时间:2026-02-22 08:43:33  作者:仲春南
  “妈妈我想要这只兔子娃娃。”小女孩指着橱窗角落里的一只娃娃——兔子抱着胡萝卜打盹。
  “你让帅哥哥帮你抓,帅哥哥技术比妈妈厉害。”
  小女孩走到岑白身边,扯了扯他的衣角,大着胆子问:“哥哥,你能帮我抓那只兔子吗?”
  她把游戏币递给他。
  岑白笑着揉了揉她的脑袋,没要她的币:“马上抓给你。”
  投币后,岑白灵活地移动铁爪,来回确认位置,啪一声,铁爪落下。抓住娃娃的时候,铁爪晃了晃,小女孩的心都提了起来。好在有惊无险,娃娃成功入洞。
  小女孩兴高采烈:“谢谢哥哥!”
  岑白粲然一笑:“不客气。”
  手里的游戏币已经用完,岑白收获两大车娃娃。许俨试着抓了几次,花掉一半的钱只抓上来一个哆啦A梦的钥匙扣。他不信邪,觉得是机器的问题。于是找到岑白战无不胜的机器,摩拳擦掌,最后输了个底朝天。

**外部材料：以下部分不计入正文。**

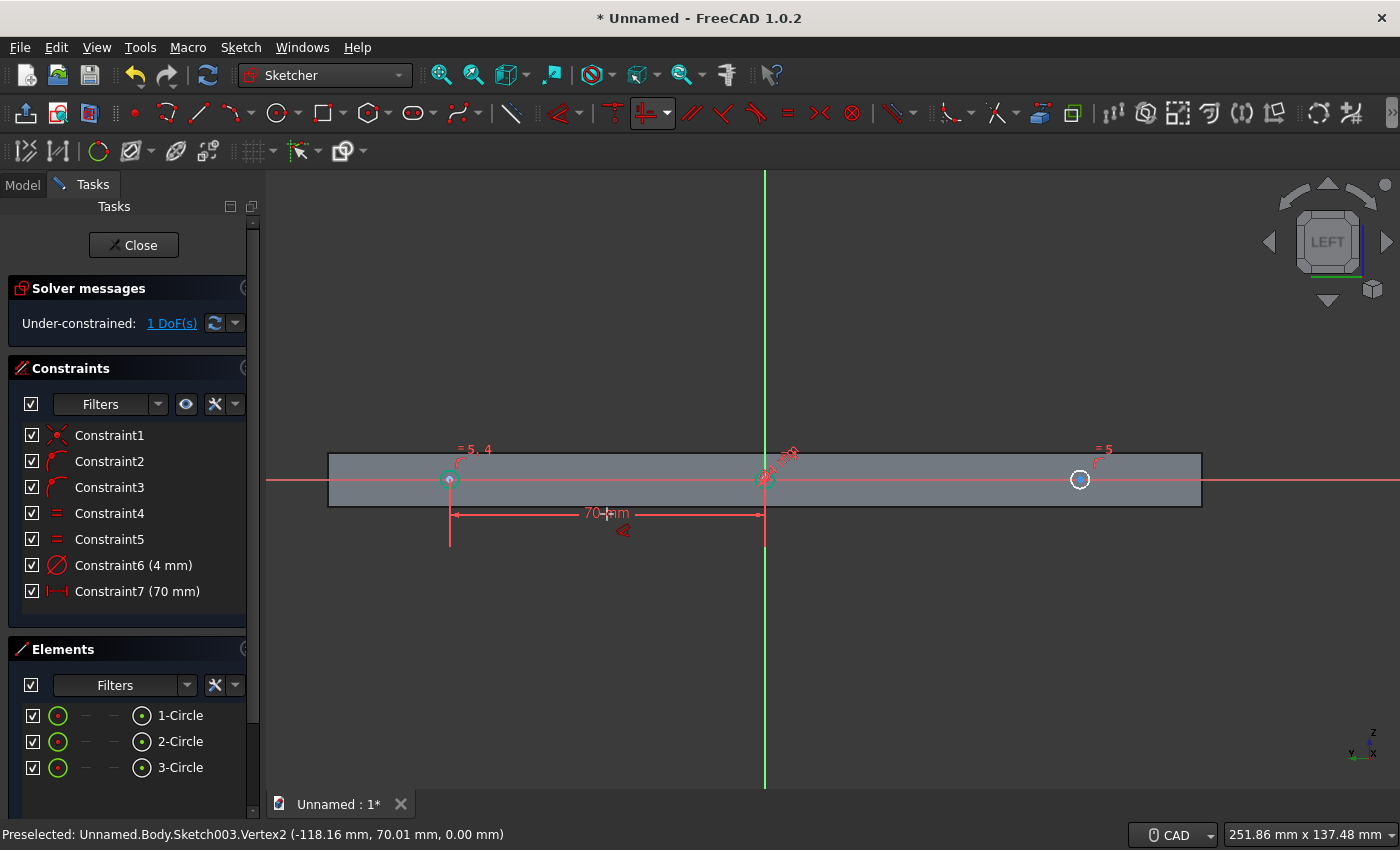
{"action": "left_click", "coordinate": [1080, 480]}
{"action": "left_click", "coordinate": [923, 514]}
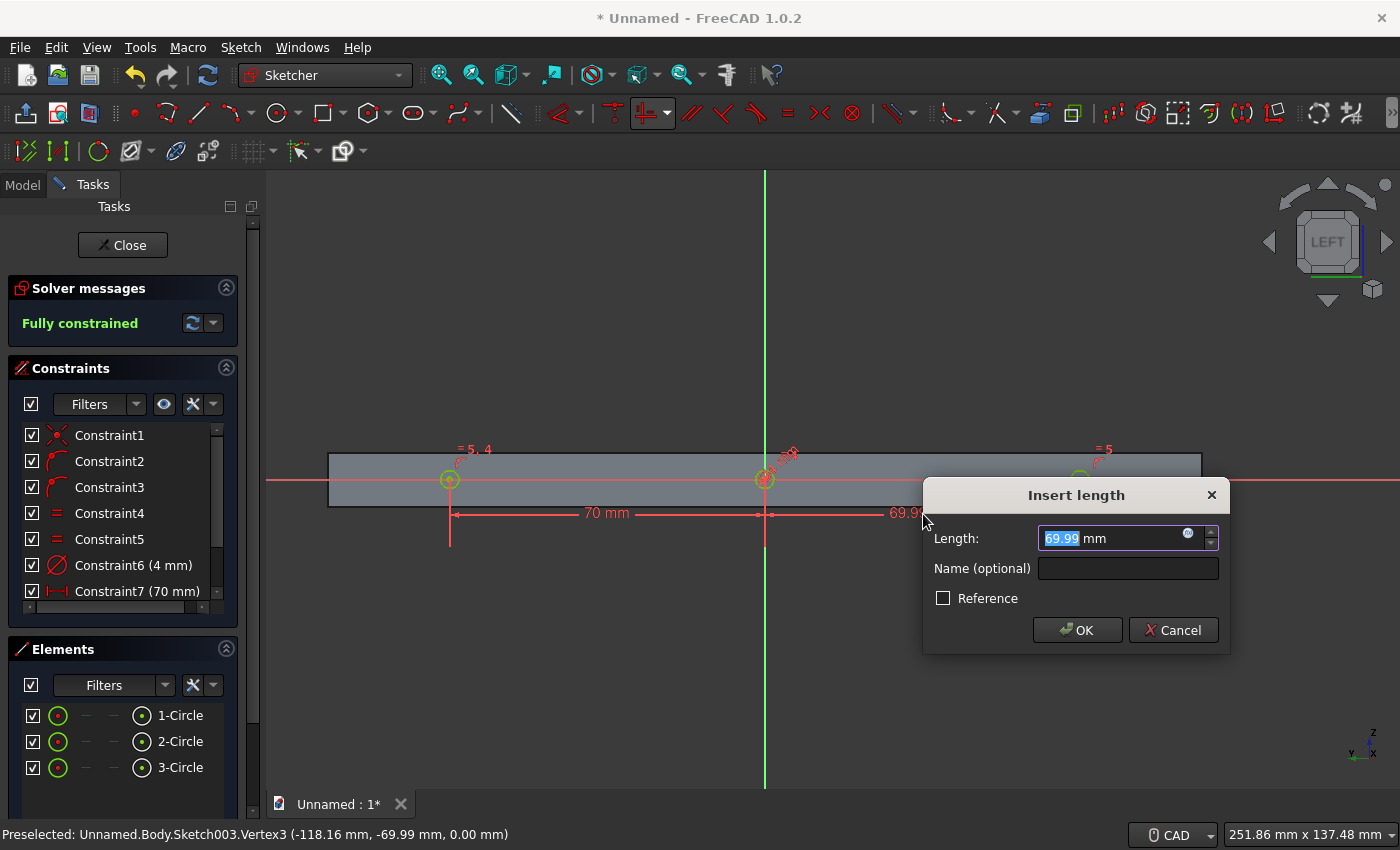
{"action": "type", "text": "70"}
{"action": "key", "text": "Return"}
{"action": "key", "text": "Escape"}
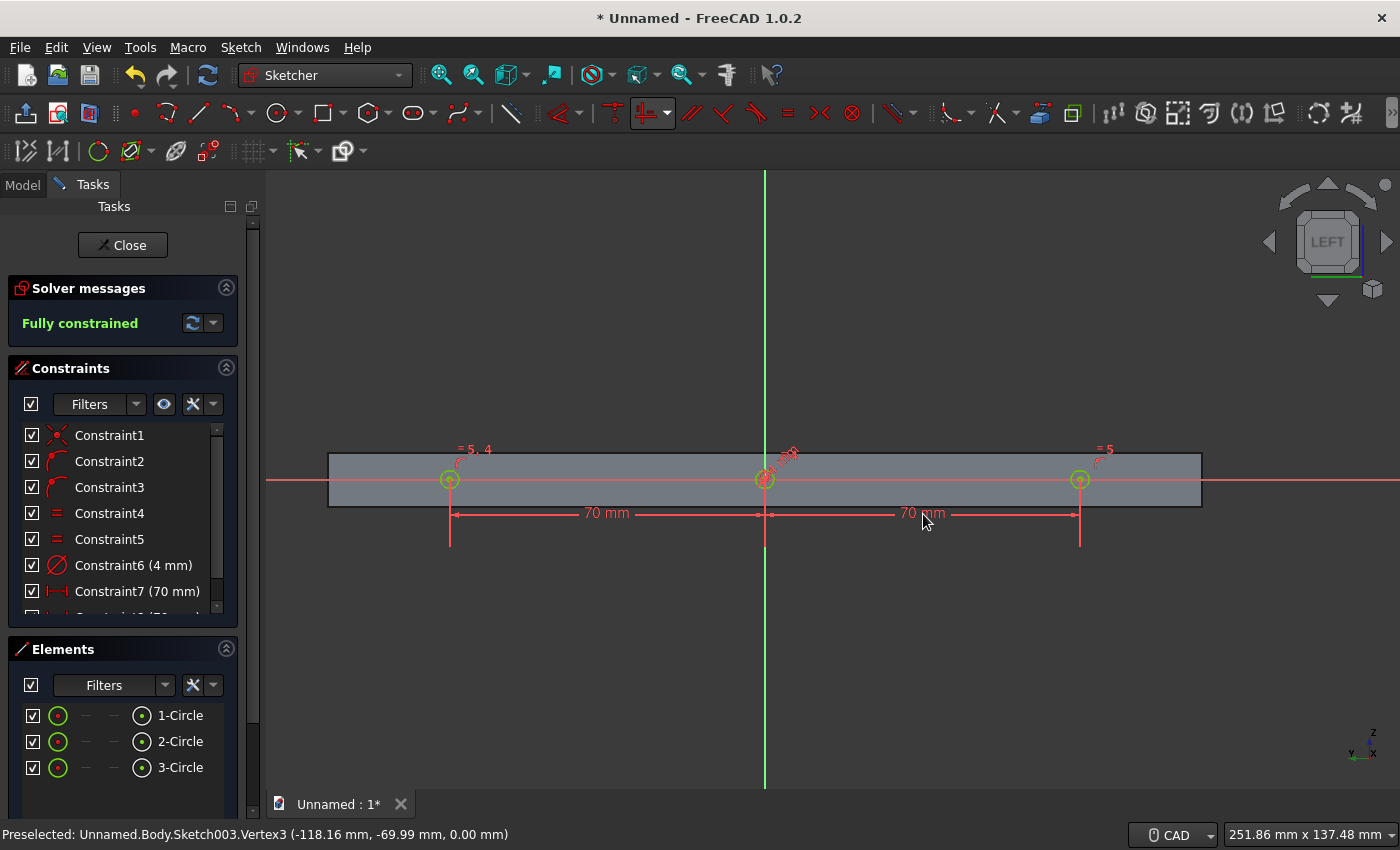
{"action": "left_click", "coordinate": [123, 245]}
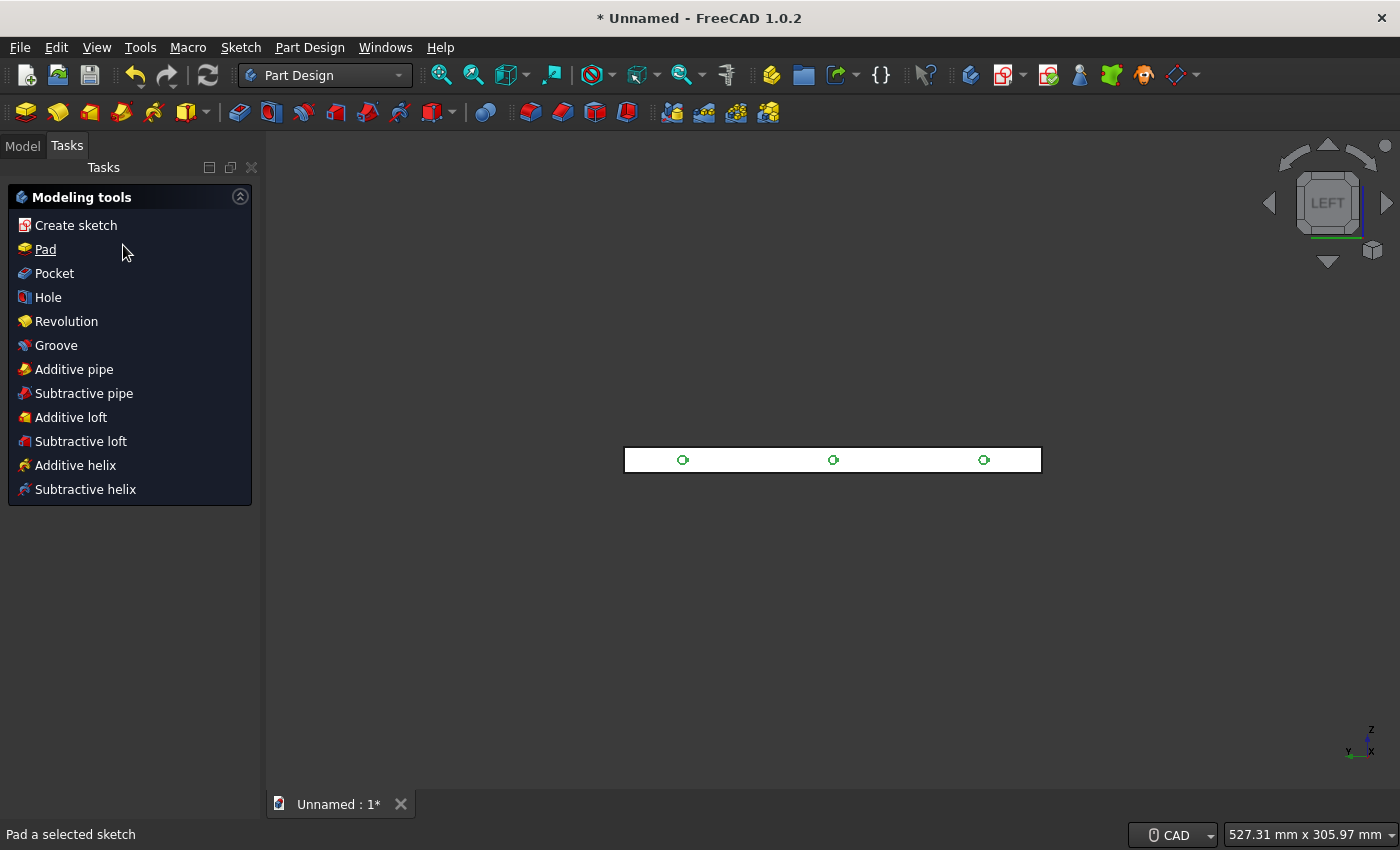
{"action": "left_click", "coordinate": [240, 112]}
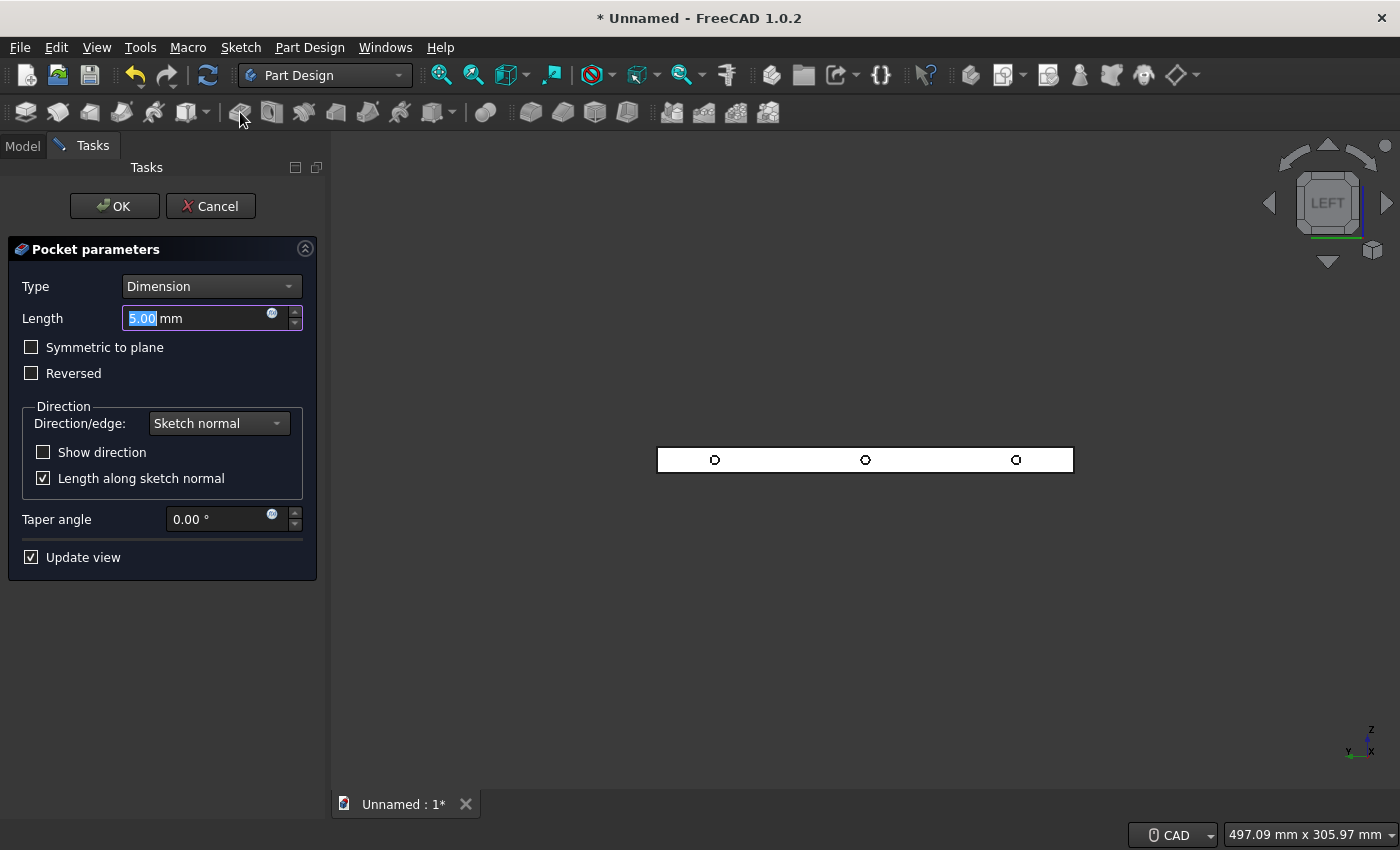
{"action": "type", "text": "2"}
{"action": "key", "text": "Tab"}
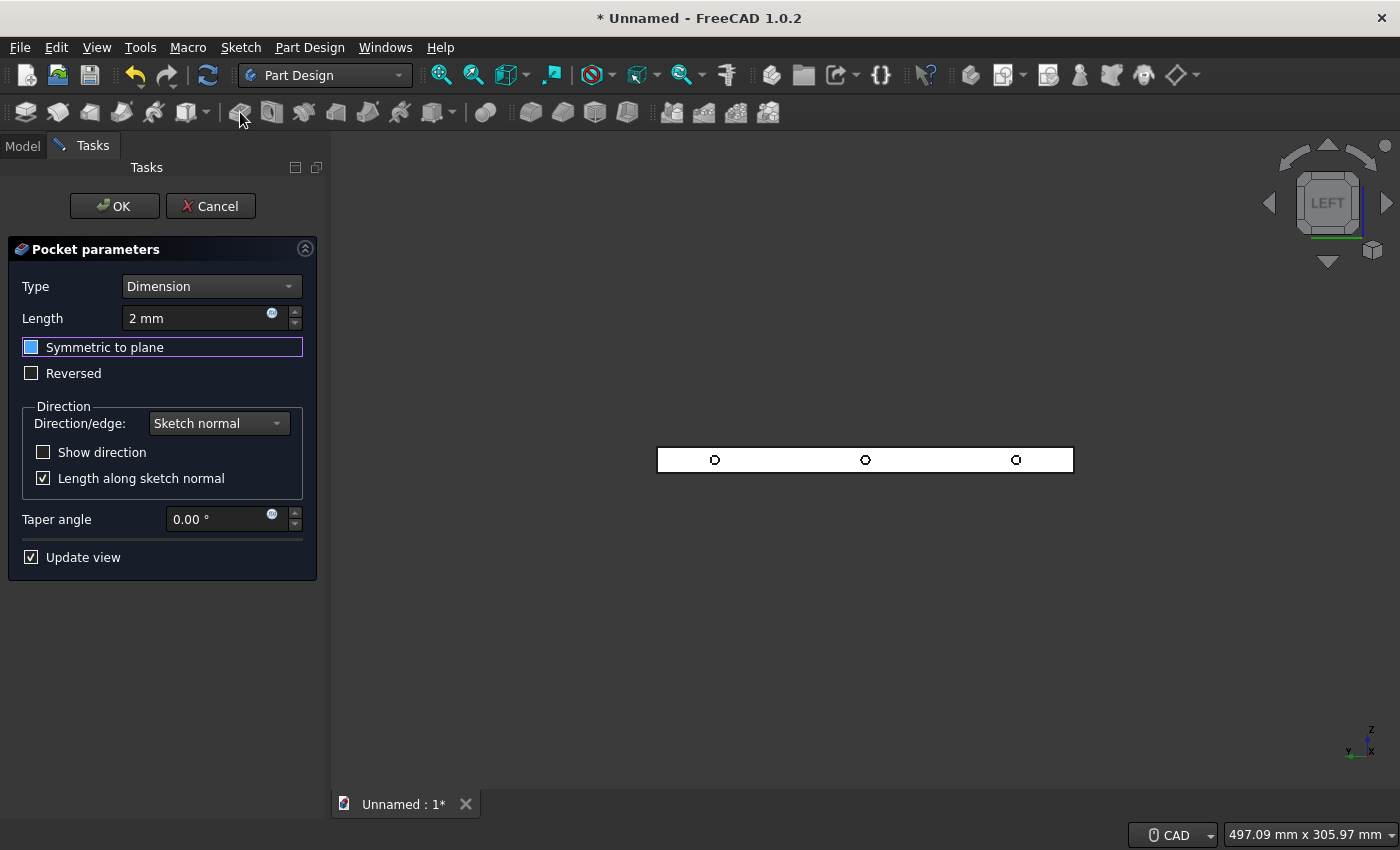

  游戏币全部花完,两人离开商场,许俨走到路边等李叔。
  “要不要我送你一程。”
  “不用了,我坐公交。”
  夜晚的风很大,下起了毛毛雨,岑白的声音被淹没。
  许俨抱着一大袋娃娃,朝他走了几步:“公交还要等,坐我的车不用等。”
  “不用了,和你不顺路。”岑白放大声音,朝他挥了挥手,向相反的方向走去。
  就好像他们的人生,本就是相反的轨道。
  风越来越大,岑白拉上了外套拉链。他并不打算坐公交,因为这里离他家只有五站路,他可以走回去,这样能省一块六毛钱。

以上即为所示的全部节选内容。